At last, they stood upon the summit. Hermione looked out at the mountains that surrounded them, jagged peaks of rock painted in shades of grey and violet, wickedly sharp against the sky. The sky seemed endlessly vast, and she tilted her head back to look at the stars. 

"It's beautiful." She shivered and wrapped her arms around herself. "Thank you for – for everything. I truly mean it."

He smiled and looked down at her. "I'm where I wanted to be." The smile slowly slipped from his face. He brushed a lock of hair away from her cheek, and leaned in. Hermione raised her chin and met his lips.

The kiss was as sweet as water from a mountain stream, and it – as well as Draco's arms wrapped around her waist – warmed Hermione down to her toes. When he began to move away, Hermione raised her hand to his chin and pulled him back. When it felt right for them to part, she broke away and simply rested her head against his chest. 

He began speaking softly. "I've wanted to do that – "

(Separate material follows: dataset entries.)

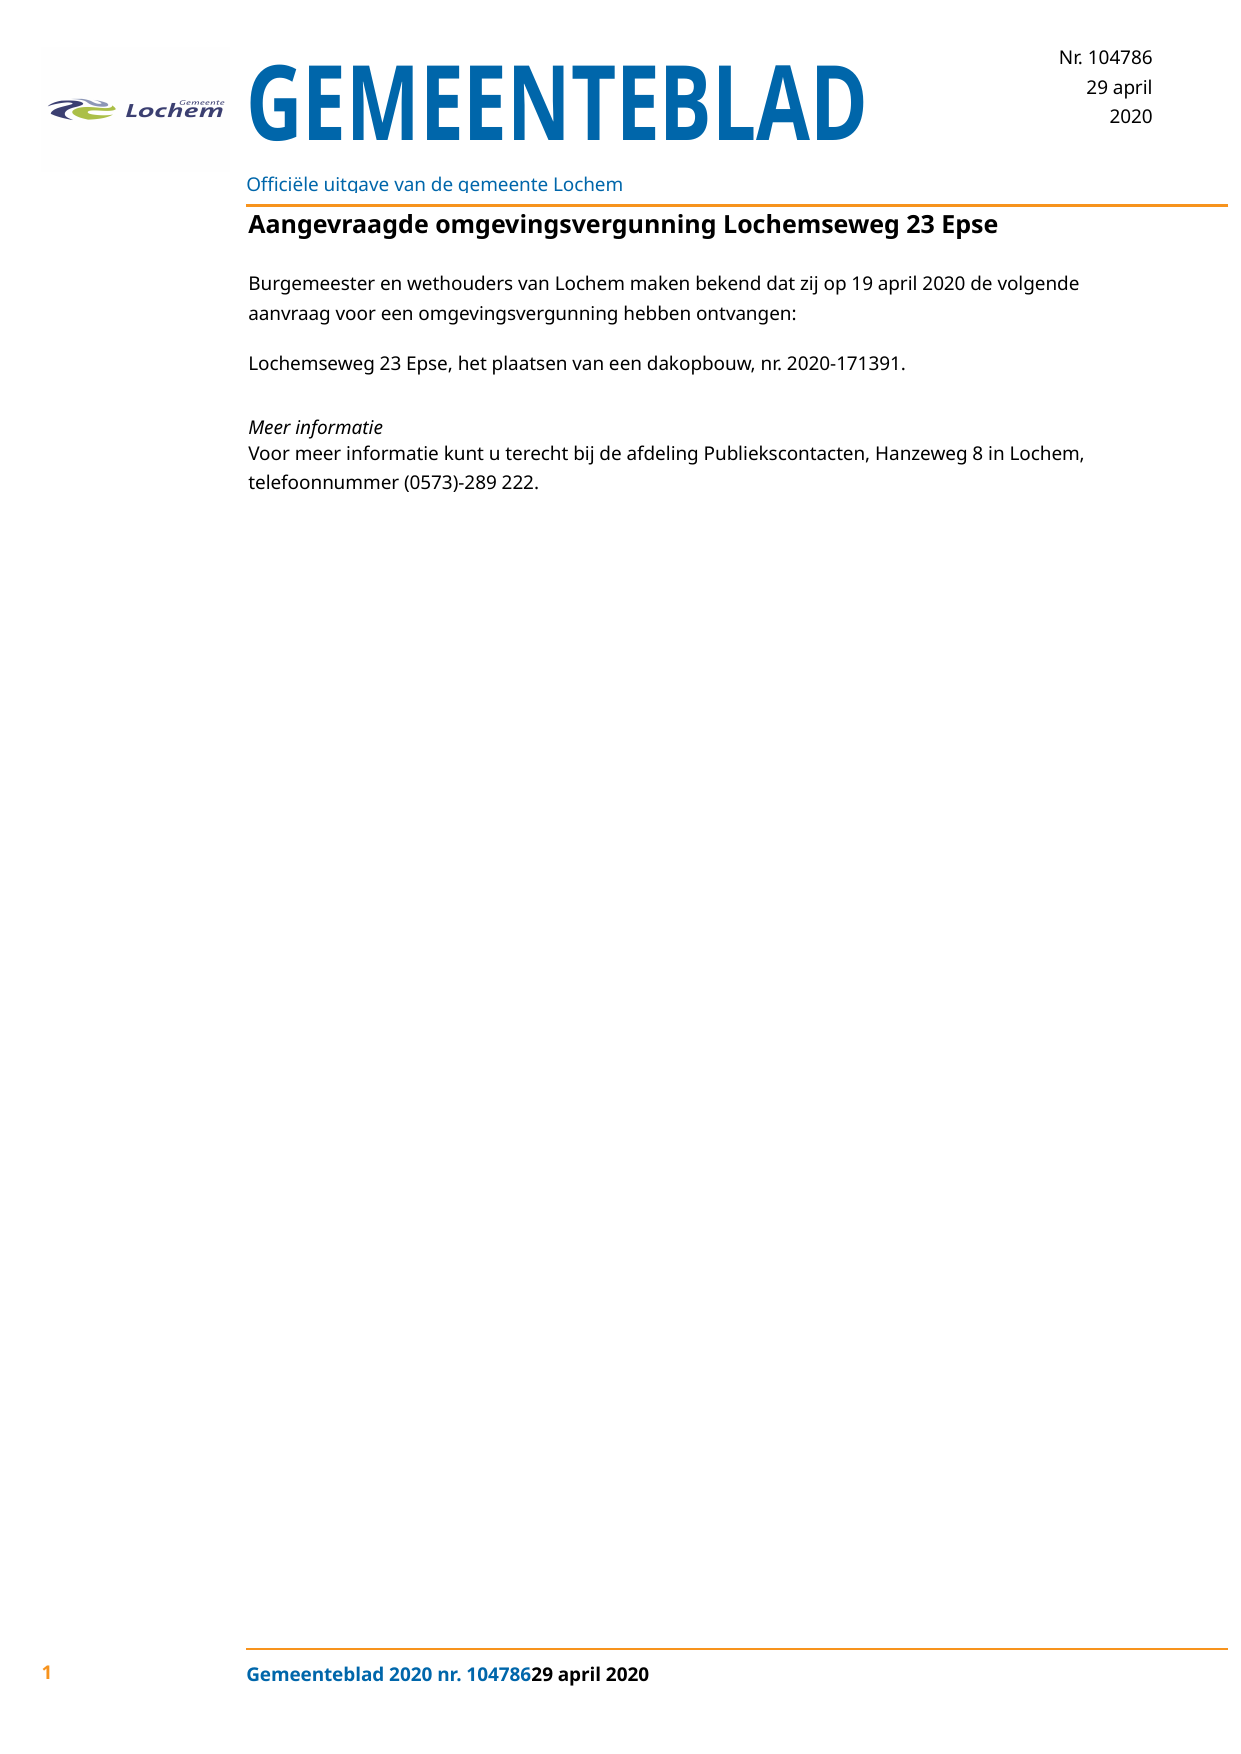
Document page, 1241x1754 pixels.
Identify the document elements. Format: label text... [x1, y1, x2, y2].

text Burgemeester en wethouders van Lochem maken bekend dat zij op 19 april 2020 de volgende aanvraag voor een omgevingsvergunning hebben ontvangen: [248, 270, 1152, 326]
text Aangevraagde omgevingsvergunning Lochemseweg 23 Epse [248, 207, 1152, 241]
picture [41, 47, 231, 172]
text Meer informatie [248, 414, 1152, 440]
text Lochemseweg 23 Epse, het plaatsen van een dakopbouw, nr. 2020-171391. [248, 350, 1152, 376]
text Voor meer informatie kunt u terecht bij de afdeling Publiekscontacten, Hanzeweg 8 in Lochem, telefoonnummer (0573)-289 222. [248, 440, 1152, 495]
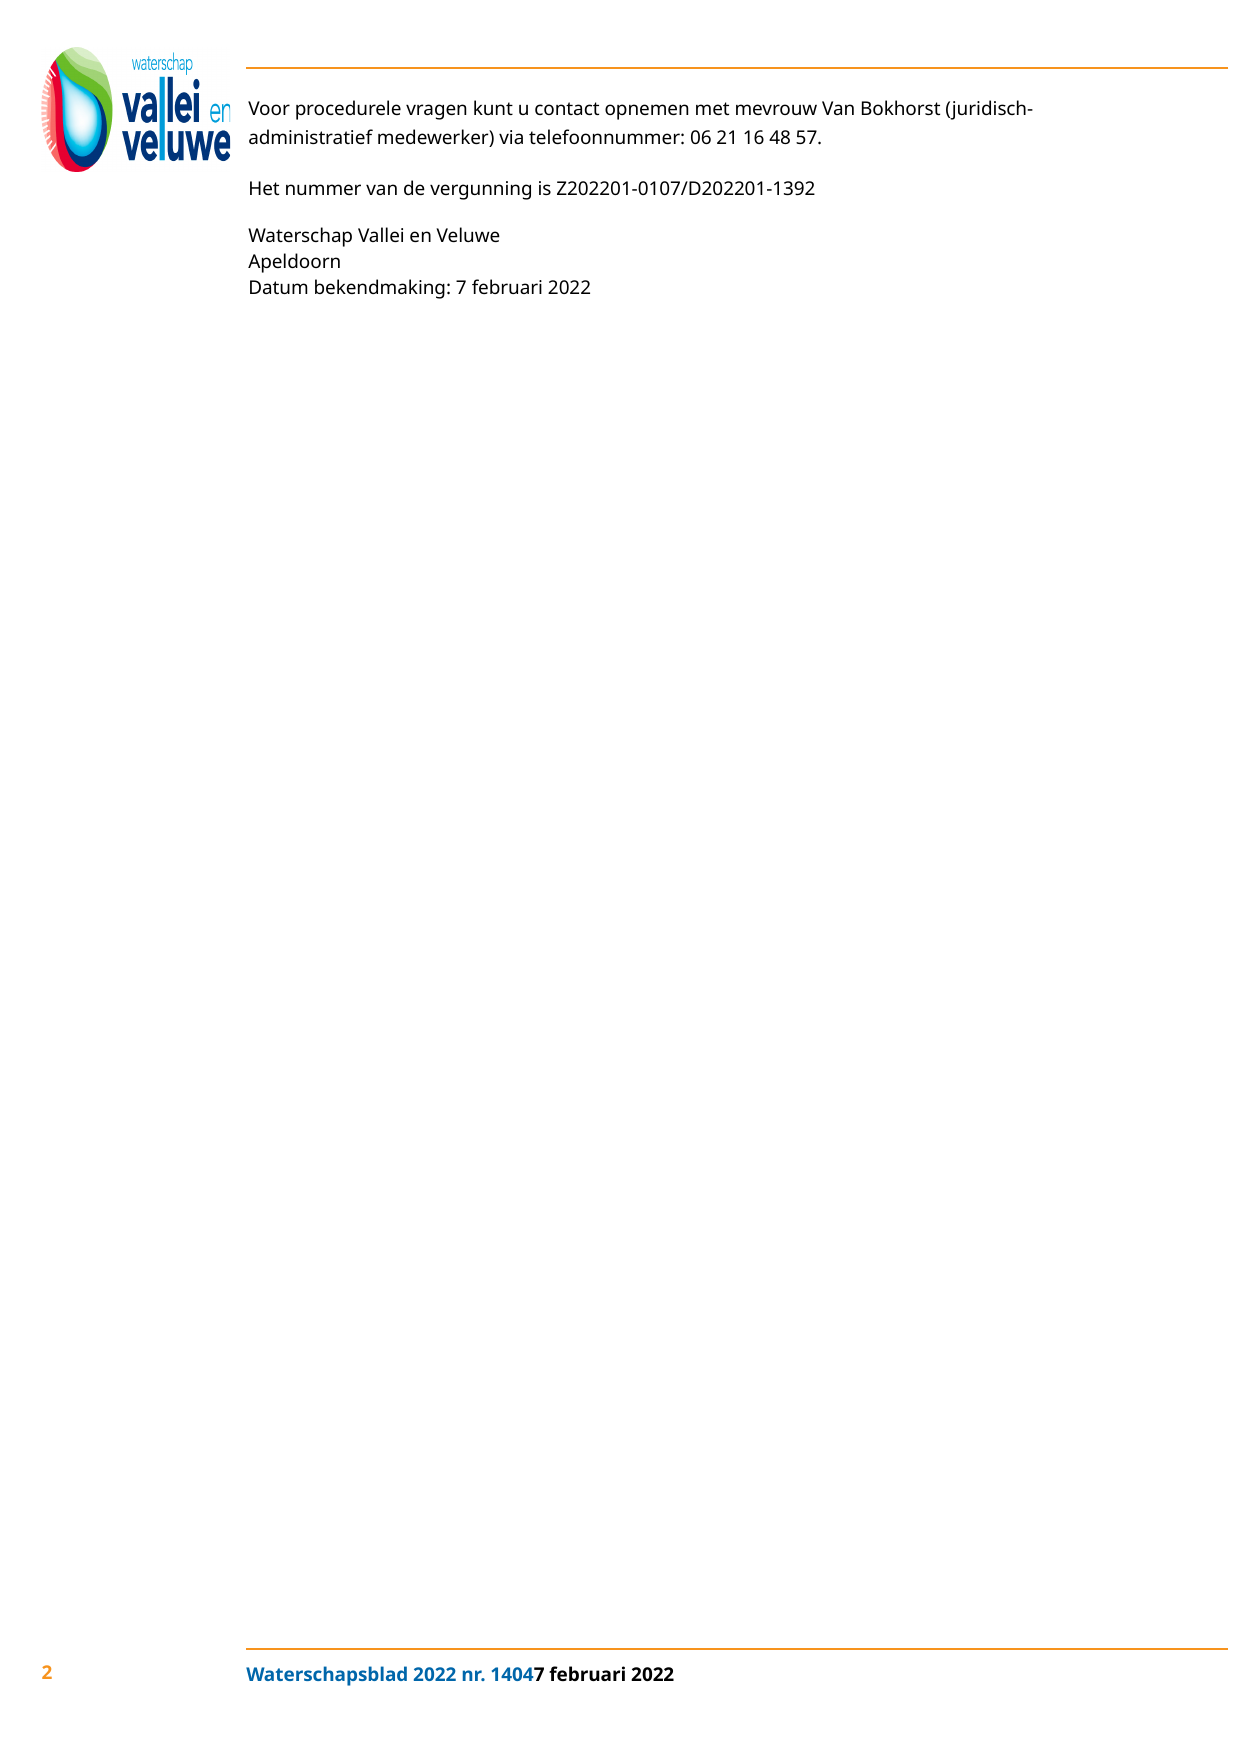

"– For a rather long time," she finished. 

"Since when?" 

"Last Easter. You?"

"Assyria."

"Assyria..." She drifted off in puzzled recollection. " _Assyria?_ That's – "

"– A rather embarrassingly long time ago. I know." He dropped a kiss onto her head. "You really don't have to tell me."

They stood wrapped up in each other until Hermione eventually sighed.

"This is lovely, but there is that other thing which we were doing..." she said. She stepped back; he let her go reluctantly. 

Hermione drew her wand and fished out the box with a flourish. She popped it open, revealing the gleaming sea ice bell, and looked at Draco expectantly. 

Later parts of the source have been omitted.